Queueing a relational database
Neil’s notes:
- Hitting the database directly is bad
- Adding a queue helps
- Batching updates helps
Suppose you decide to build a simple web analytics application.
The application you have in mind tracks the number of pageviews for any URL a customer wishes to track. Additionally, the application should be able to report the top 100 URLs by number of pageviews.
You start with the following data schema:
You build the back end to consist of a Relational Database Management System (say MySQL), a table with the above schema and a web server. Each time a web page tracked by your application is loaded, the web page pings your web server with the pageview, and your web server increments the corresponding row in the database.

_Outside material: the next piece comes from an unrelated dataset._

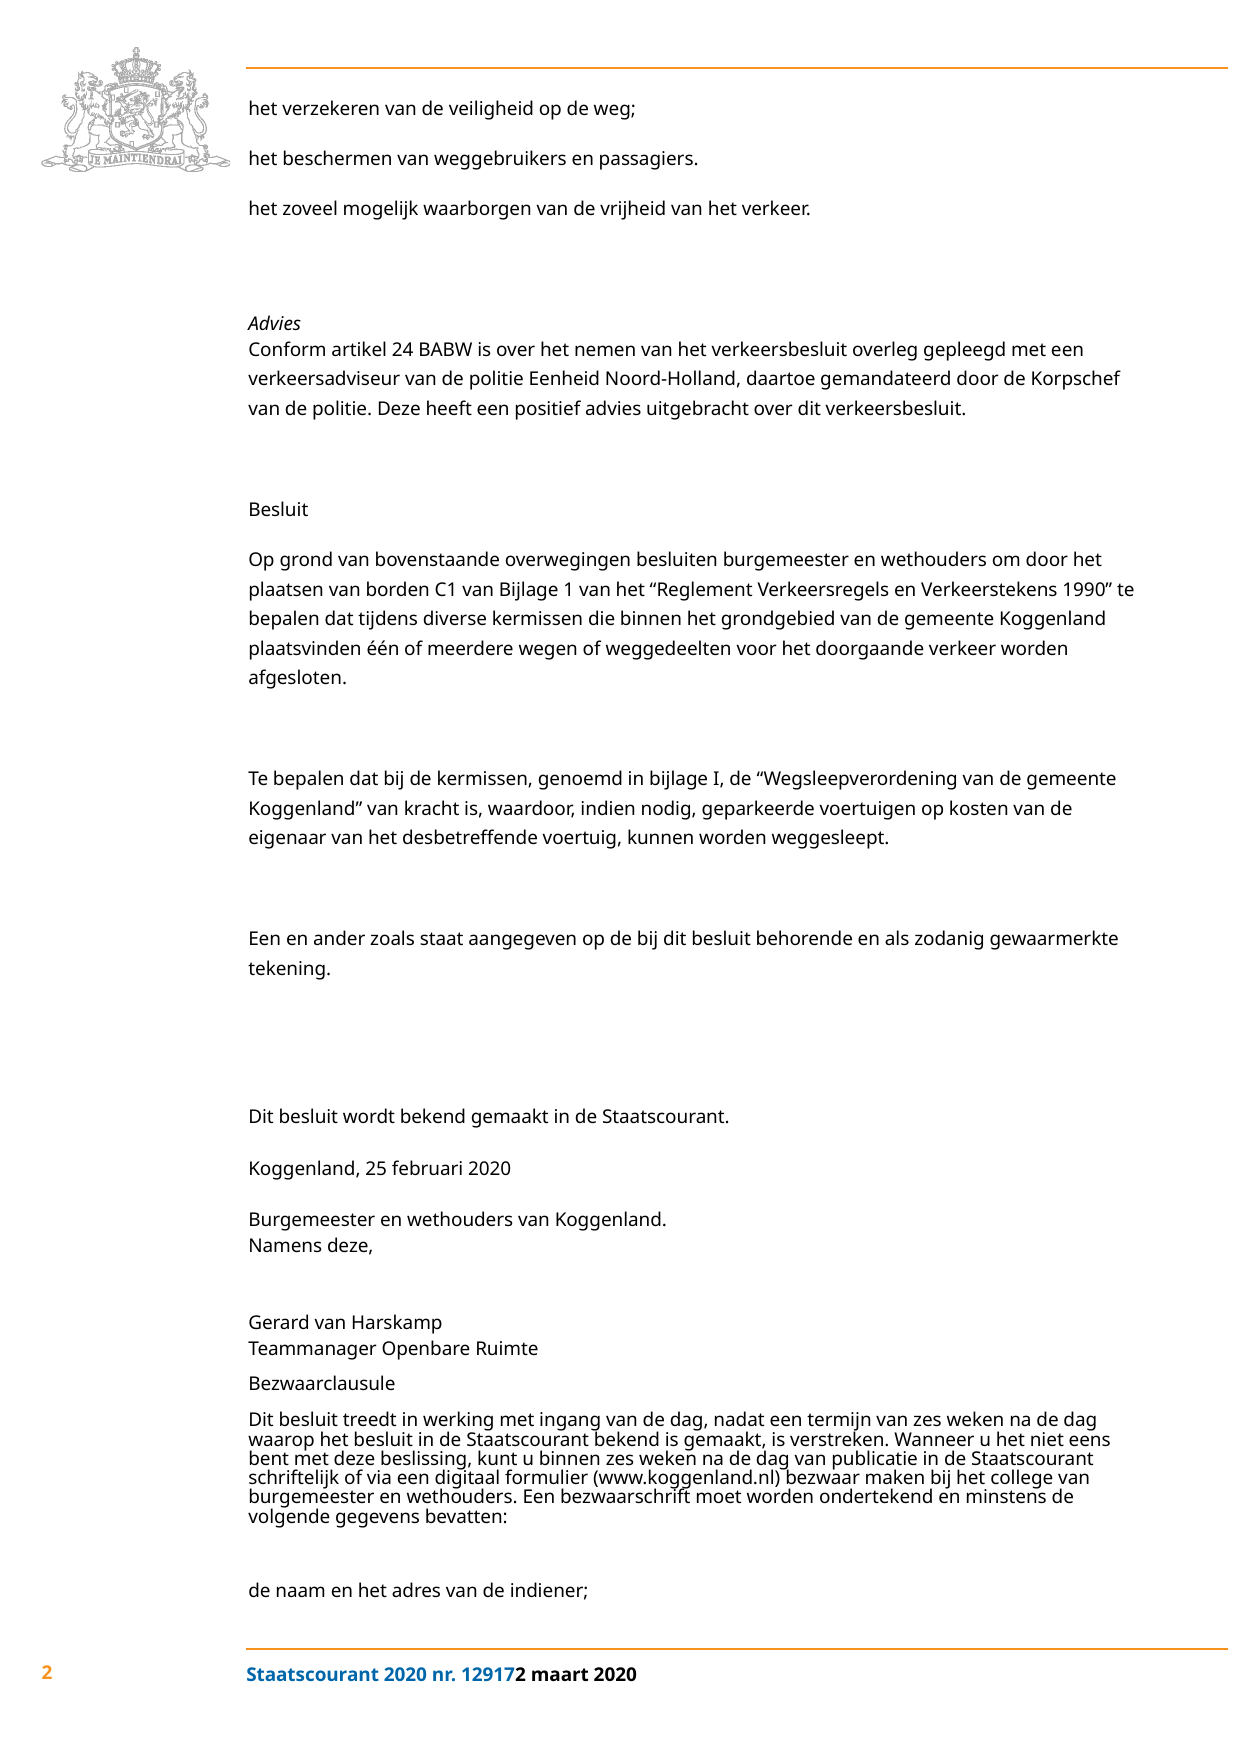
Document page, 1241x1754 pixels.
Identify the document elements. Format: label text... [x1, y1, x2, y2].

The web application is a success, and traffic is growing like wildfire. You start getting lots of emails from your monitoring systems all with the same error:
“Timeout error on inserting to the database”
Your logs tell you that write requests are timing out because the database cannot keep up with the load. Your system is losing valuable information and you need to act quickly.
You realise that it is inefficient to perform a single increment per request. You draw up and implement a queuing system between the web server and the database so whenever a pageview is received, that event is added to the queue. You also create a worker that reads 100 events at a time off the queue and batches them into a single update request to your database.
It works well and the web server no longer pings the database directly and you no longer receive timeout notifications!